How long will it take to learn to trade
Pepperpot - look at the screen recording section. I use flashback express (it's free) (https://www.flashbackrecorder.com/express/) - others brands are available. Somewhere on the forum I've explained how I use it. You can record your days hard work and watch it at 4times speed or rerecord at 4x and then watch at 16x. You can see your good moves and agonise over your bad moves very quickly - WITHOUT the pressure of trading. Saves time and MONEY in the long run!
I did Peter's course in January.
I have another side of my business (betting on lower division Scottish football) which is mature and which I enjoy.

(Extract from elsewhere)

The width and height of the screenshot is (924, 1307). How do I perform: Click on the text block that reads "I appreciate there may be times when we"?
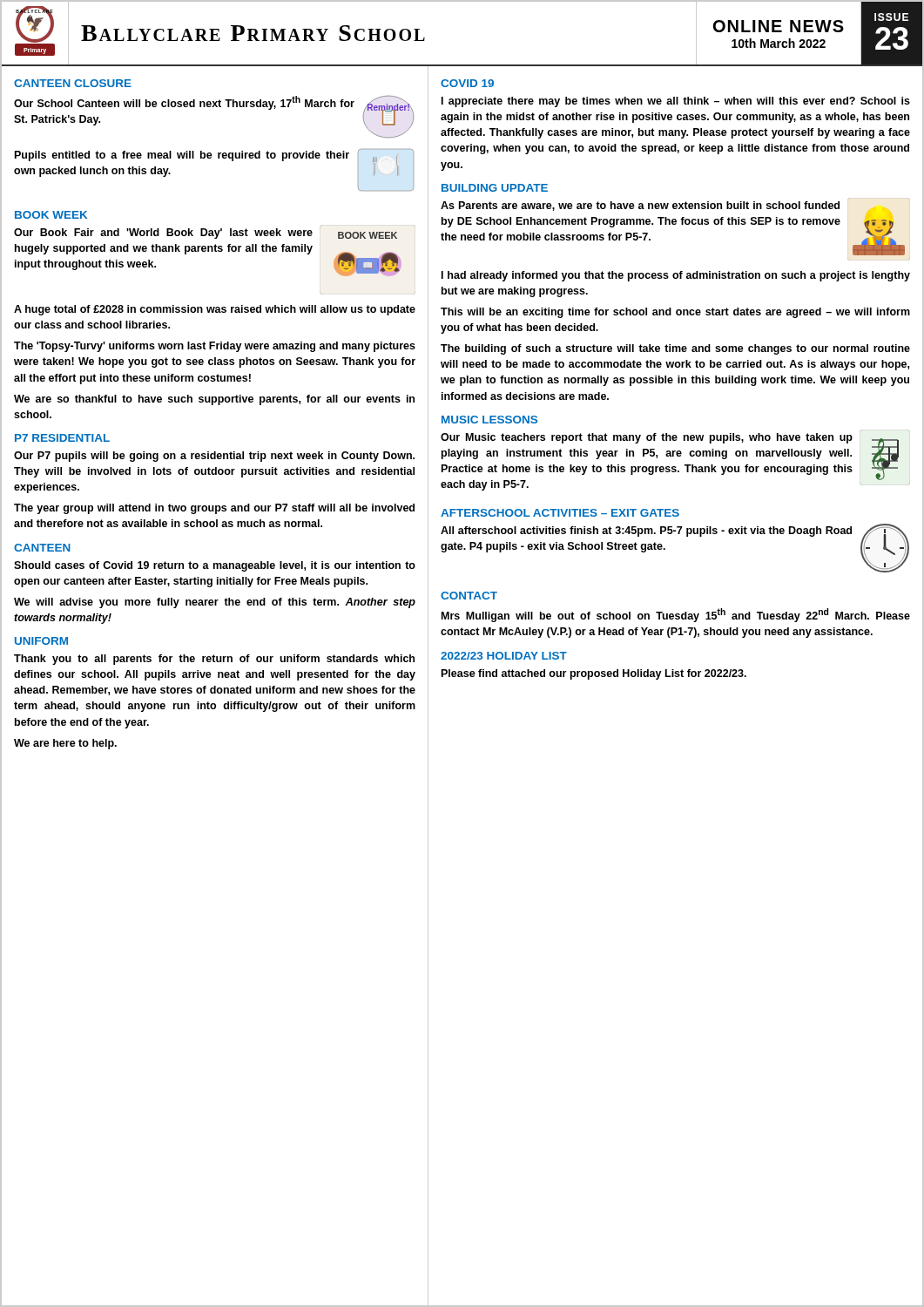tap(675, 133)

The trading - well. I'm still at the false dawn stage I think. Days go by and I win consistently - and then BANG, one race goes wrong - there goes my profit. My results yesterday were something like:
+3
+5
-3
+2
+1
-4
-35
+11
+2
I realise this pattern is typical of idiots like me, but there you go.
My ROI since January is c. -30% on trading. I can absorb this because the betting has worked over the same period (and is at much bigger stakes). But I do wonder at what point I decide it's not for me. Not quite yet, I think.

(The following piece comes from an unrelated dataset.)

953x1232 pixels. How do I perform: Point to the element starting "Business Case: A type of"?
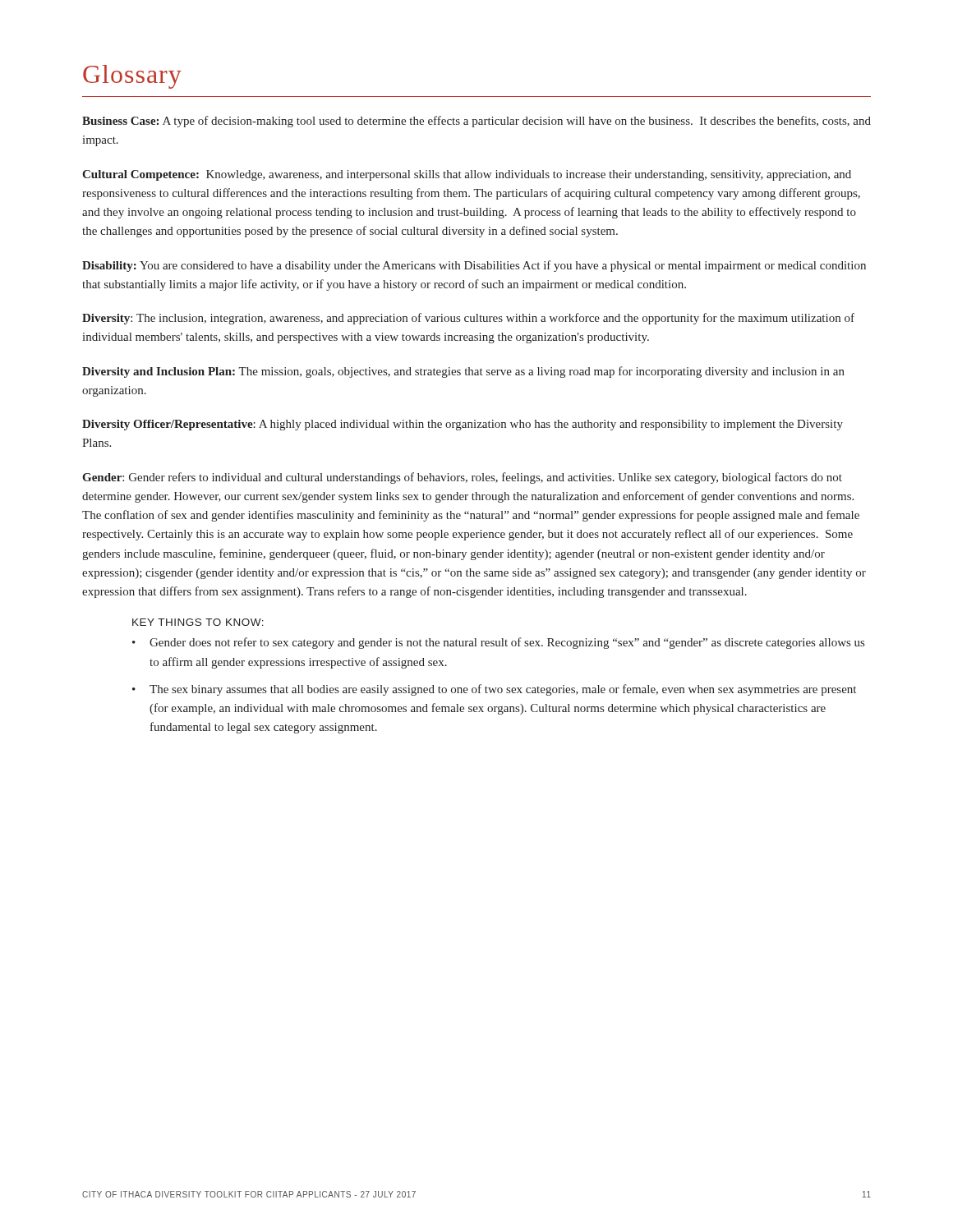(476, 131)

Finally. a word of admiration for Northbound on two points - first, the capacity to enjoy trading. I don't enjoy losing - and I haven't really enjoyed the experience yet. Second, the discipline for using small stakes. It's hard to graft for several hours, have a great day - and end up with £4.30....
So, I don't know how many markets it takes. I hope not too many more for me!
I have another side of my business (betting on lower division Scottish football) which is mature and which I enjoy.
The trading - well. I'm still at the false dawn stage I think. Days go by and I win consistently - and then BANG, one race goes wrong - there goes my profit. My results yesterday were something like:
+3
+5
-3
+2
+1
-4
-35
+11
+2
I realise this pattern is typical of idiots like me, but there you go.
My ROI since January is c. -30% on trading. I can absorb this because the betting has worked over the same period (and is at much bigger stakes). But I do wonder at what point I decide it's not for me. Not quite yet, I think.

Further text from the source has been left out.